ACTIVITY: Return every line from the one with "list Creation mechanisms: Tools" through the one with "list Graphical representation: Identification", inclusive, exactly as it appears below.

[Records excerpted from a collection]
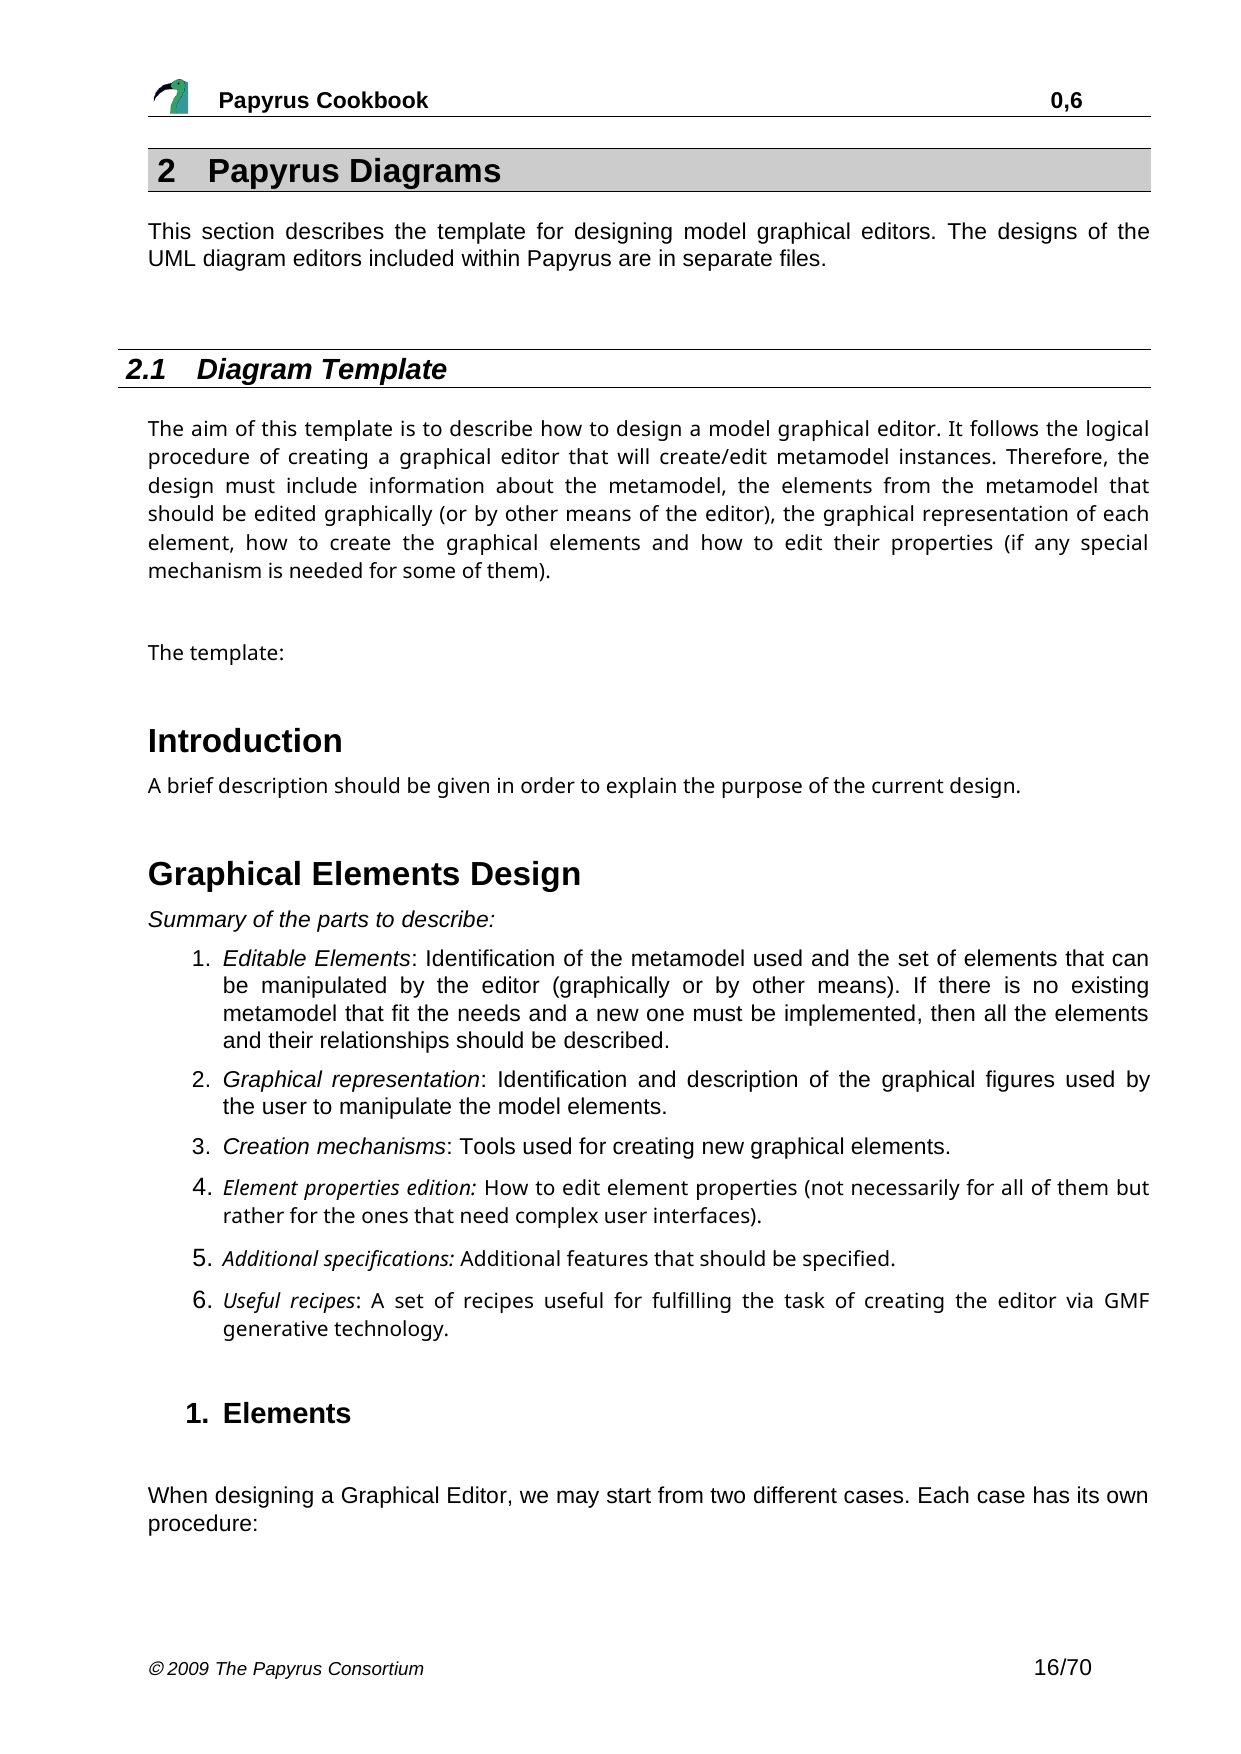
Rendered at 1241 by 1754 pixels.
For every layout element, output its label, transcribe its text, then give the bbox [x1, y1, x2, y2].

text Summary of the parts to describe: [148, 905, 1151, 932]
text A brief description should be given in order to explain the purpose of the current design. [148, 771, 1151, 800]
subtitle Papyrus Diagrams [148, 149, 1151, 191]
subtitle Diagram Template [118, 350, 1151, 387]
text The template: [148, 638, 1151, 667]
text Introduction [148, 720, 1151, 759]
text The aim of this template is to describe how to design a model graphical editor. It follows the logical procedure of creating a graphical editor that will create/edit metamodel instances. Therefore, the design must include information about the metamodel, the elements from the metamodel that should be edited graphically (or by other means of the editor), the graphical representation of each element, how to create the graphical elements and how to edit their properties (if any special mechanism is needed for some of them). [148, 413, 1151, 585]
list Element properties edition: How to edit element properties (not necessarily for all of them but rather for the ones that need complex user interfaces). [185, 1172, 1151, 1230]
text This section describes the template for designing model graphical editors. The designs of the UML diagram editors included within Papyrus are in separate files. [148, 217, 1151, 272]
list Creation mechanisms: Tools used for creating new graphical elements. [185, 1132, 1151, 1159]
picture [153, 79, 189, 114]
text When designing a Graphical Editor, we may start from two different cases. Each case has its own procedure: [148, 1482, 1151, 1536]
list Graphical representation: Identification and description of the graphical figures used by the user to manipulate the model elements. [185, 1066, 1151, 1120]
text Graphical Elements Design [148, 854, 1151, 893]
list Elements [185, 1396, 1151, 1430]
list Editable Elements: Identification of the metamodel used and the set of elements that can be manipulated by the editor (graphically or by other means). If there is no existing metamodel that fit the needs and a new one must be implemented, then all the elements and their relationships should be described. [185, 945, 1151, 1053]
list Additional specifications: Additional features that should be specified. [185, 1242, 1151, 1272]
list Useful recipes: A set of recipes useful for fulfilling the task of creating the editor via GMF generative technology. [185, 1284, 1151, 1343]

PROBLEM SOLUTION:
list Creation mechanisms: Tools used for creating new graphical elements. [185, 1132, 1151, 1159]
picture [153, 79, 189, 114]
text When designing a Graphical Editor, we may start from two different cases. Each case has its own procedure: [148, 1482, 1151, 1536]
list Graphical representation: Identification and description of the graphical figures used by the user to manipulate the model elements. [185, 1066, 1151, 1120]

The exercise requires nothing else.